To illustrate this graphically, here again is graph 1 from the beginning:

 
Pictogram: Out of 100 unvaccinated individuals, more than 30 became infected during the observation period. In contrast, thanks to the vaccination effectiveness of 78.5%, only 6.6 people in the group of vaccinated. Graph 1, left: During the observation period [4] of every 100,000 unvaccinated individuals 3,074 became infected with Covid-19. Right: thanks to vaccine efficacy of 78.5%, only 662 people became infected out of every 100,000 vaccinated people during the same period.


Annotations & Limitations

  1. Further information on vaccination recommendations and vaccines can be found on the FAQ page of the Robert Koch Institute.
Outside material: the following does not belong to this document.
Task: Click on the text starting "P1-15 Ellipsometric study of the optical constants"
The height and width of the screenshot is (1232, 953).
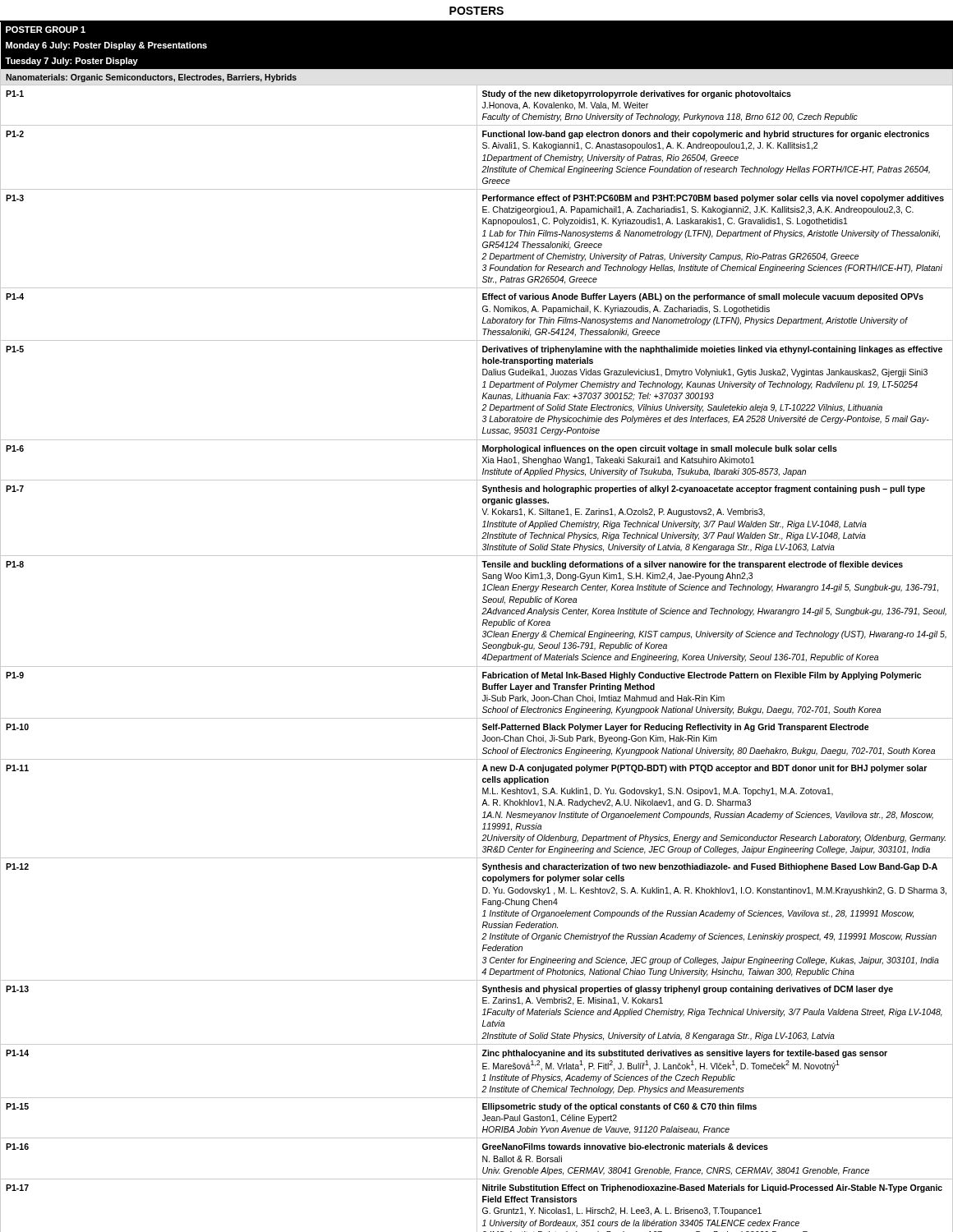Action: [476, 1118]

  2. In the EMS, a severity level is deposited to some extent. However, this information is not meaningful/accurate enough to make reliable evaluations. However, there is one exception: if the person dies of/with covid this is stored in the system with a relatively good quality. Note: The AGES is trying to collect the severity data (retrospectively), but this information is not included in this evaluation.
  3. Vaccine efficacy analyses are usually done for efficacy against a) infection, b) symptomatic disease, c) hospitalization, d) requires intensive care, or e) death. In many countries, data are collected for b). For a), systematic PCR screening of predefined groups is necessary (expensive and laborious). The analysis performed here should be seen as an intermediate form of a) and b).
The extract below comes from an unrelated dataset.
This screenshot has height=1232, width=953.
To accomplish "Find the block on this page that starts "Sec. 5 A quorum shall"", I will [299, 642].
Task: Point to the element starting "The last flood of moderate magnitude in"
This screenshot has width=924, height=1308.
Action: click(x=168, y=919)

  4. In order to get meaningful and comparable results, the period 9/1/2021 to 10/31/2021 was used. The reason: within this observation period, on the one hand, the vaccination rate has remained approximately unchanged and, on the other hand, the infection incidence has been very active. The cut-off date for the following data is 31.10.2021.
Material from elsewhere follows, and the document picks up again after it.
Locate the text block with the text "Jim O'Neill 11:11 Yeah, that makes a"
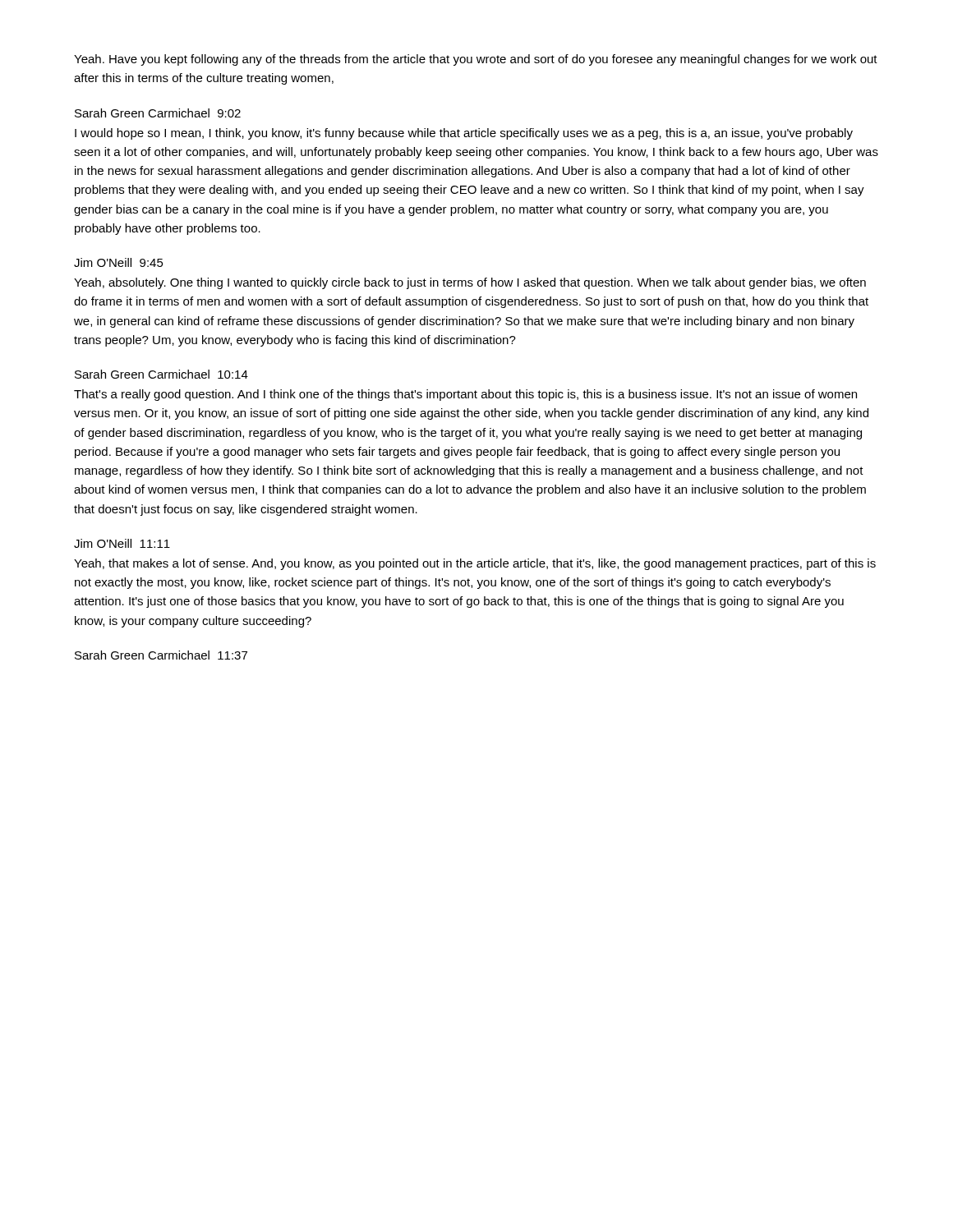The image size is (953, 1232). (476, 583)

  5. In order to keep the detailed analysis manageable and easier to understand, only mRNA vaccines were focused on. The reason for this, besides the difference in efficacy, is that the use and vaccination recommendations have changed significantly for the other two vaccines: De facto stop by AstraZeneca and urgent recommendation for second vaccination by Johnson&Johnson. Therefore, the collection of the necessary data here would also be much more complicated.
  6. official data on Covid-19 case numbers in hospitals and intensive care units with information on vaccination status in Austria are unfortunately not available (not systematically collected), so we have to make do with EMS data.
  7. The number of unreported cases is not included in these calculations. Since vaccination protects against (severe) symptoms, it is likely that the underreporting rate among vaccinated persons is higher because an (asymptomatic) infection is not noticed. In addition, a testing bias among vaccinated persons is to be expected, since vaccinated persons may test themselves less often. Reasons for this include lack of need (in 3G regimen) or different contact classification (K2 instead of K1).
  8. The (additional) effectiveness of booster vaccinations was deliberately not considered in this analysis to keep it easier to understand. It takes 14 days after administration for the booster vaccine to reach nominal efficacy. Allowing for this two-week delay, 197,650 were administered by the end of the observation period (including 10/31/2021). Out of 4,458,920 persons vaccinated with mRNA, this corresponds to a proportion of 4.4%.